Movie

The hero we’ve all been waiting for is actually a piece of plastic

It’s a battle nearly as old  and overplayed as good versus evil: Marvel Comics vs. DC Comics. Each company has its respective tent pole characters that the creators beat to death with countless film, television, comic, video game and toy adaptations. By now there’s more than 65 Marvel and DC movies spanning half a century, and they’re not going anywhere anytime soon.

2017 will see the release of DC’s “Wonder Woman” and “Justice League,” whereas Marvel will be throwing its usual blockbuster punches with “Logan,” “Guardians of the Galaxy Vol. 2,” “Thor: Ragnarok,” and “Spider-Man: Homecoming.”

Complain about the overkill of endless comic book films, I dare you.
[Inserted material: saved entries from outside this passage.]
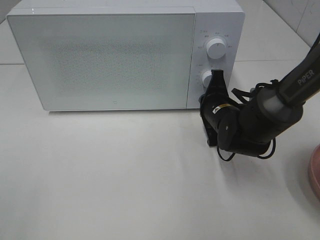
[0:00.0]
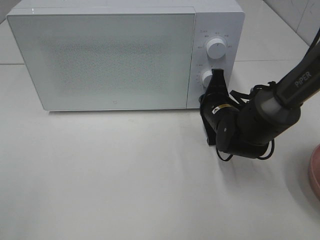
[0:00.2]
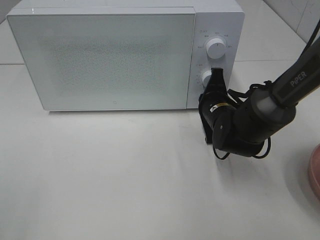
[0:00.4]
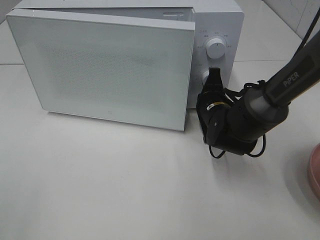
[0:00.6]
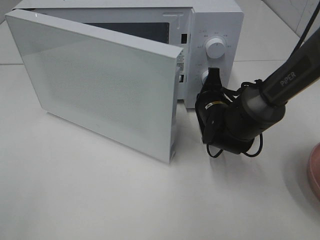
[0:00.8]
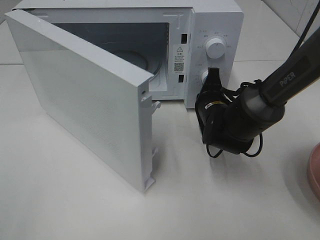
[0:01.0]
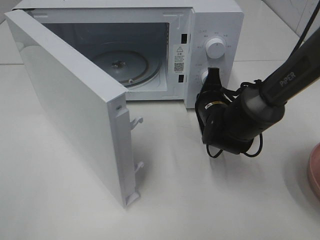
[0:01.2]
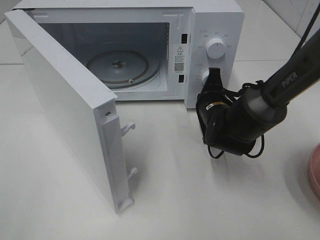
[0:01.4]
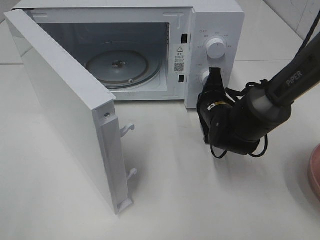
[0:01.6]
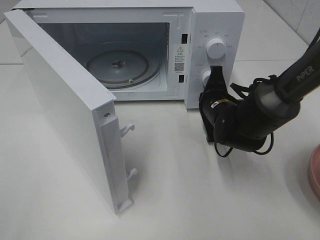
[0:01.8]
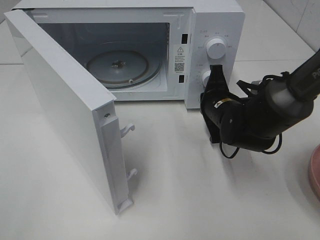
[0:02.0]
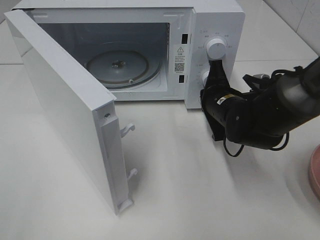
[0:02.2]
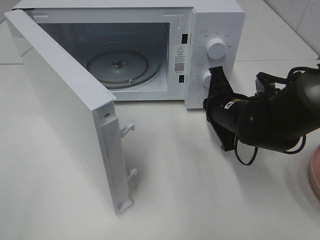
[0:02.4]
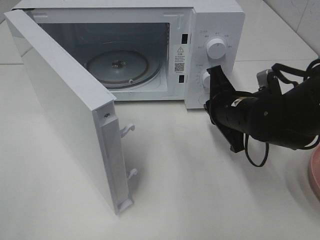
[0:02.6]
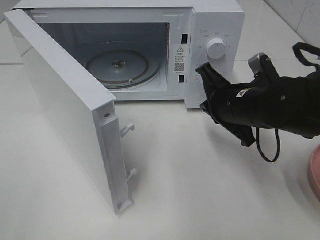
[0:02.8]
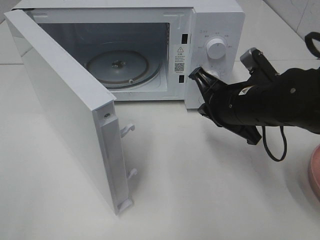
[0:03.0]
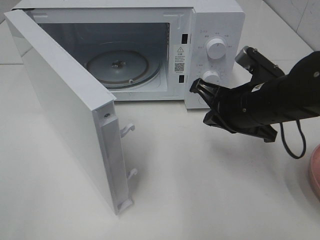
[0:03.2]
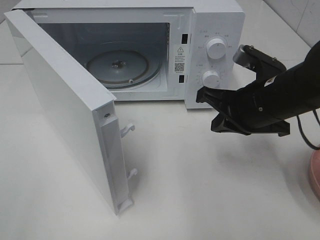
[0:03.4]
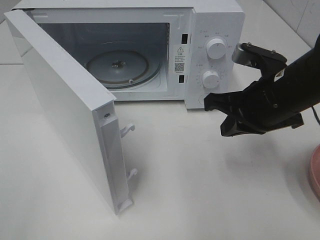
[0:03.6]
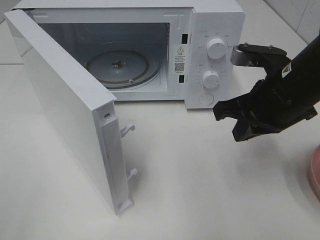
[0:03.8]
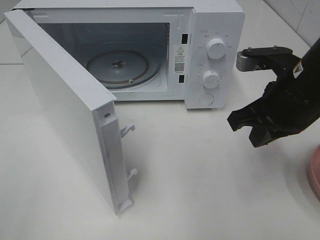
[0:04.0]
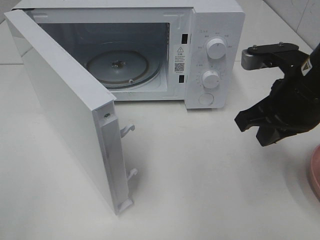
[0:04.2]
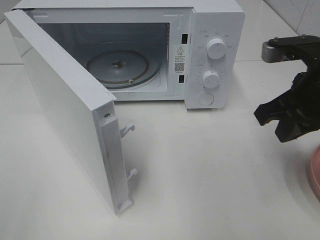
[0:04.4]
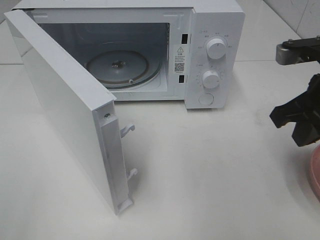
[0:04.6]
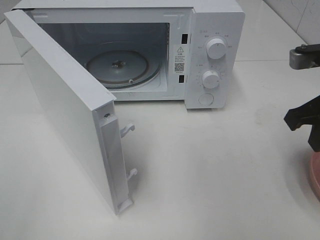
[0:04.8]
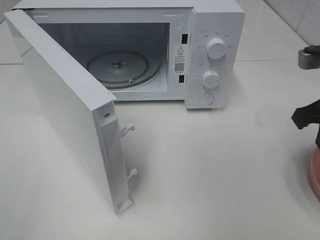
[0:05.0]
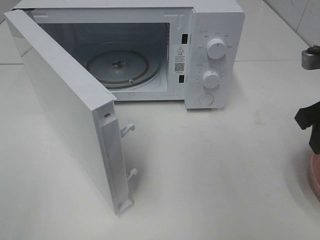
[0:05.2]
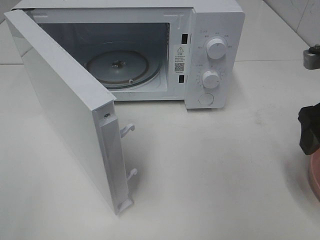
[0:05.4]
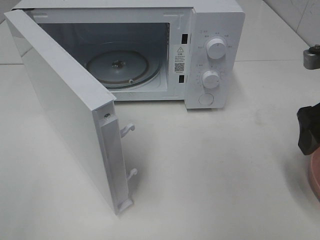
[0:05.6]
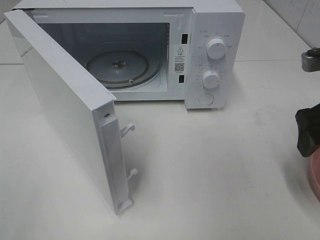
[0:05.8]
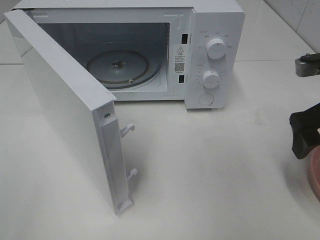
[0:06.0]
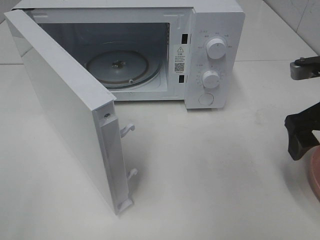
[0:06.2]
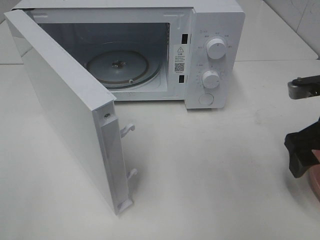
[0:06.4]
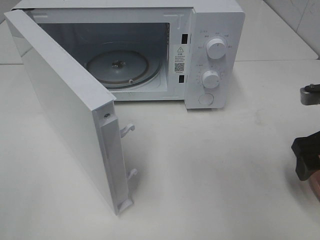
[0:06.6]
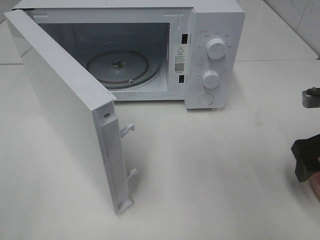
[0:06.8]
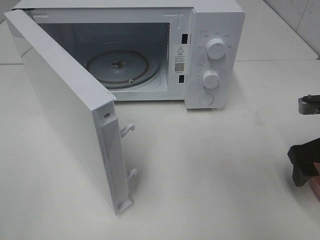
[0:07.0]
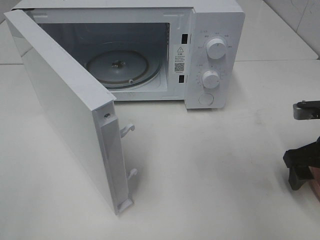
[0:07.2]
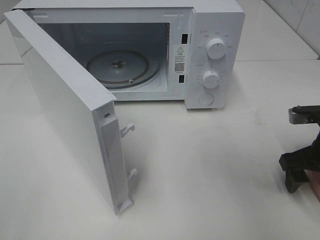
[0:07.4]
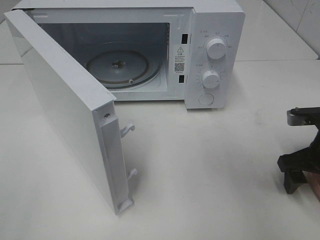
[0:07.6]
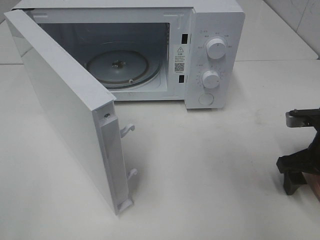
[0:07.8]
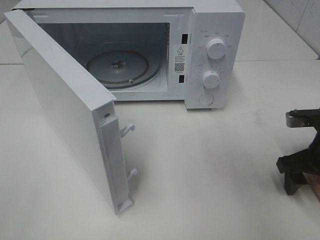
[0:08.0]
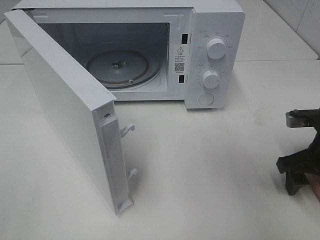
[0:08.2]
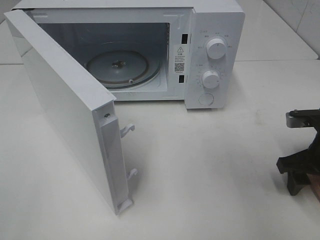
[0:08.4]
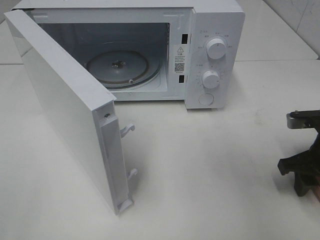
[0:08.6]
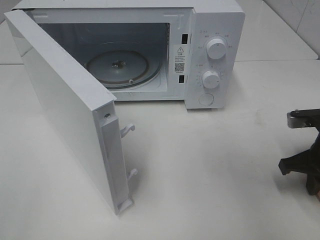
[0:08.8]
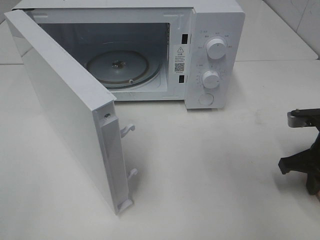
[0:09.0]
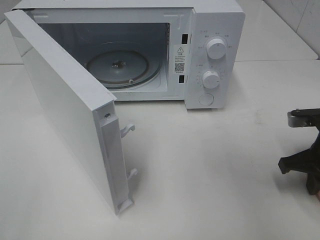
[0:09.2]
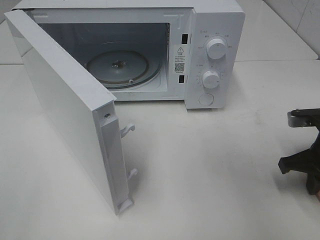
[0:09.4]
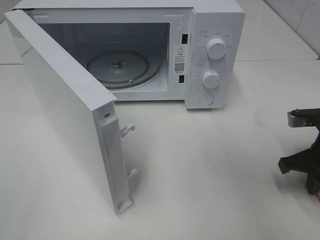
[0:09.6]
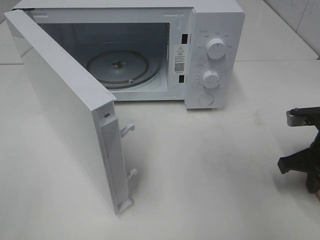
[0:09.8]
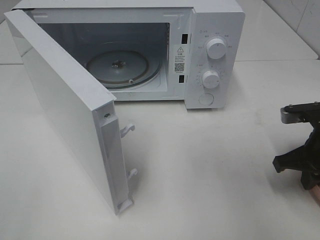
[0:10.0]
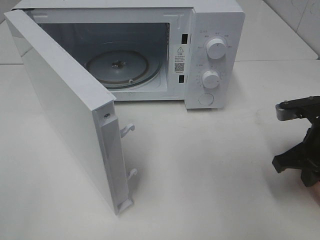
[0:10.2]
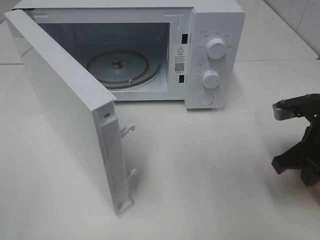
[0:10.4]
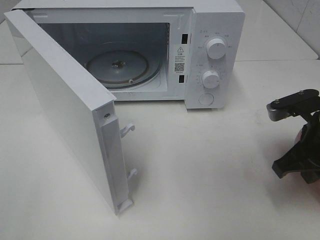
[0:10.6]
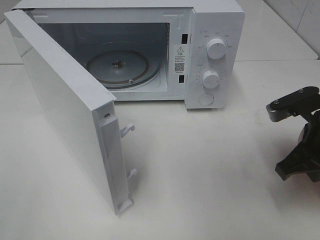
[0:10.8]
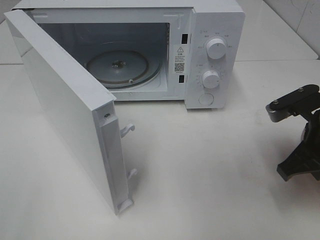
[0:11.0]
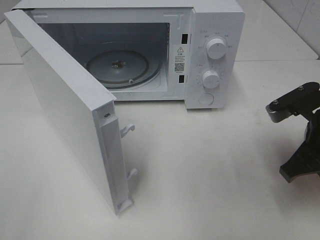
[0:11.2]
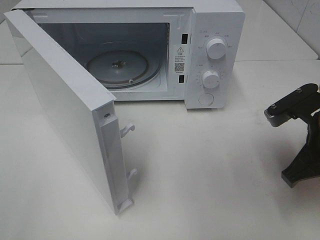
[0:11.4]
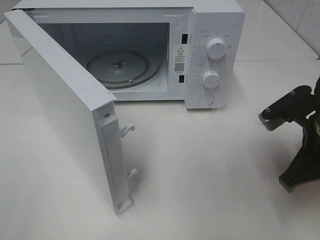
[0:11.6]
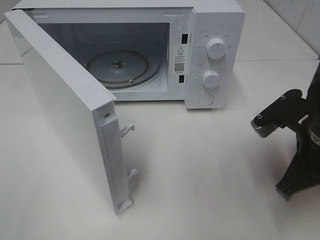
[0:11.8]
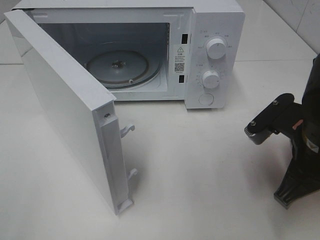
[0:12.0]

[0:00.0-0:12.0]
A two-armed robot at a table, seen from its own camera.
Task of the whole recording: Heat the burger.
Step, 0:00.0 to 0:02.0: Right hand: press the switch.
Step, 0:02.2 to 0:08.8: Right hand: grab the plate with the hamburger.
0:01.6 to 0:03.0: The right gripper heads upward and backward, covering about 10 cm.
0:03.0 to 0:04.4: The right gripper travels upward and to the right by approximately 10 cm.
0:04.4 to 0:06.0: The right gripper travels to the right by about 5 cm, and opens up.
0:06.0 to 0:07.6: The right gripper is displaced downward by some 10 cm.
0:07.6 to 0:09.0: The right gripper closes up.
0:09.0 to 0:10.4: The right gripper changes place by roughly 5 cm.
0:10.4 to 0:12.0: The right gripper goes roughly 5 cm to the left.

The reality is these interwoven “cinematic universes” are nearly surefire breadwinners for studios because of already-established characters, the nearly infinite source material, and the lucrative room for licensing deals. Comic book movies are an example of capitalism at its finest. Money first, originality and art second.

That’s not to say they’re not good films. A large factor in why Marvel keeps churning out movies is because of the high critical acclaim they’ve received as well. And Christopher Nolan’s Batman trilogy was proof that you could go from George Clooney making a fool of himself in spandex — what, you don’t remember “Batman & Robin”? — to Christian Bale battling inner and outer demons in the realest Gotham ever seen.

But still, as mentioned previously, these are sure-bet properties, and audiences are starting to pick up on the cyclical nature of the genre. We as moviegoers deserve better. We need a hero to save us from the endless onslaught of corporate studio greed. A hero who’s maybe a little less annoying and more family-friendly than Deadpool. A hero who has a heart of gold, or actually, plastic. We need Lego Batman.

If that doesn’t quite sound like it should work, you’re right. It shouldn’t. When the original “The Lego Movie” came out in 2014, critics and audiences were flabbergasted that a movie about toys was actually thoughtful and hilarious — most likely due to “Transformers” post-traumatic stress disorder. It featured a motley crew of Lego toys on a quest to save the world from rules and adult order, and a fan favorite was the dark, brooding little black and yellow Batman voiced brilliantly by Will Arnett.

Logically, as comic books and capitalism so decree, there was to be spinoffs and sequels and toy deals for The Lego movie.  And next week sees the release of “The Lego Batman Movie,” the first major motion picture release following the original “The Lego Movie.”  But what makes this addition to the comic book lineup so special isn’t that it’s taken form in the shape of your favorite childhood toy, but that it’s such a fresh, fun take on a basically overdone genre.

The character of Batman is arguably one of the best-lived names in the comic book world.He’s been kicking butt since Adam West portrayed him in the most campy form ever back in the 1960s.  But, fast forward to his current revival, a lifeless cyborg-esque Ben Affleck, and fans aren’t exactly in love with the Bat lately. The DC Universe, in an attempt to both keep up with and differentiate itself from its Marvel counterpart, has been spitting out uber-serious films that haven’t been on the critical or commercial level that Marvel has. And then, in an attempt to lighten the mood, they released “Suicide Squad” last summer. I won’t even go into what a disgrace and pain that was.

Enter the Lego-fied version of Bruce Wayne. Helmed by director Chris McKay, a veteran writer from Adult Swim’s animated sketch show “Robot Chicken,” and produced by the duo who wrote and directed the “Jump Street” reboots, “Lego Batman” is looking to be the funniest Batman ever. The wry and irreverent humor that kids and adults loved in “The Lego Movie” is sure to be present this time around, especially when McKay and company are known for self-aware humor. Lookout for a “Batman versus Superman” jab and references to the never-ending cycle of remaking comic movies.

In a sea of live-action, realistic comic movies, “The Lego Batman Movie” already stands out as both a nod to source material and a light-hearted jab at what comic book movies have evolved into.